Para além dos vícios de funcionamento directamente atribuíveis aos partidos, a Assembleia da República sofre do facto de, para boa parte da opinião pública, o seu papel político real parecer secundário. Desejável ou não, é facto adquirido a personalização e mediatização da escolha política, o que se agrava agora com a crise dos referenciais ideológicos e com a desconfiança, aliás merecida, da sinceridade e valor de compromisso dos programas eleitorais. Um resultado perverso é que a escolha dos deputados se faz menos por si própria que em função do potencial Primeiro Ministro. Daí a menorização do Parlamento, com constituição de maiorias servis ao Governo, ao contrário de algumas tradições presidencialistas em que o eleitor frequentemente escolhe um parlamento de oposição para equilibrar os poderes presidenciais. O nosso semi-presidencialismo tem evoluído viciadamente para uma espécie de bi-presidencialismo. Esta situação de facto exige a manutenção ou mesmo reforço dos poderes presidenciais e a conservação da sua legitimação pelo sufrágio directo, sob risco de se acentuar o excesso de governamentalização de toda a vida política.
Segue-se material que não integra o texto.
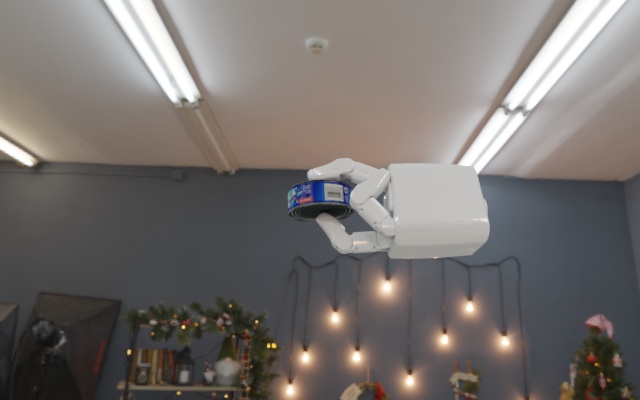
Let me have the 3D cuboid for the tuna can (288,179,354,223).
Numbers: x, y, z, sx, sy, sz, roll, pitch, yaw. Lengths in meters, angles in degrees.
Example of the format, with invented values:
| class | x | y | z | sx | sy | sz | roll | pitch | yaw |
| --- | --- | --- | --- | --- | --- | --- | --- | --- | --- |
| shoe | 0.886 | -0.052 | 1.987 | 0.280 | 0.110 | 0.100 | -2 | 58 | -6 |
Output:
| class | x | y | z | sx | sy | sz | roll | pitch | yaw |
| --- | --- | --- | --- | --- | --- | --- | --- | --- | --- |
| tuna can | 0.000 | 0.001 | 0.619 | 0.086 | 0.033 | 0.086 | -3 | -17 | -1 |

O Parlamento não pode ser uma cena de alguns actores e um fundo baço de muitos figurantes anónimos. É preciso dar-lhe rostos, fazê-lo reflectir a realidade social, identificar o eleito e aproximá-lo do eleitor. A revisão da lei eleitoral é reconhecidamente um passo decisivo para este fim, merecendo um amplo debate nacional em que todas as hipóteses se ponham em aberto, incluindo a de círculos uninominais compensados por outros mecanismos de proporcionalidade.
Outra importante medida de fundo no sentido da participação é a facilitação das candidaturas de listas de cidadãos, não partidárias. Proposta pelo MDP logo na elaboração da Constituição, esta possibilidade, mesmo que só a nível autárquico, foi rejeitada então e ao longo dos anos por todos os outros partidos. Só recentemente pareceu merecer concordância mas o adiamento sucessivo da sua concretização faz duvidar da convicção dessa concordância. Hoje vamos mais longe e defendemos que a candidatura de listas de cidadãos deve ser possível – e facilitada por meios práticos – não só para as Câmaras municipais (e, por extensão, para os futuros órgãos regionais), mas também para a Assembleia da República.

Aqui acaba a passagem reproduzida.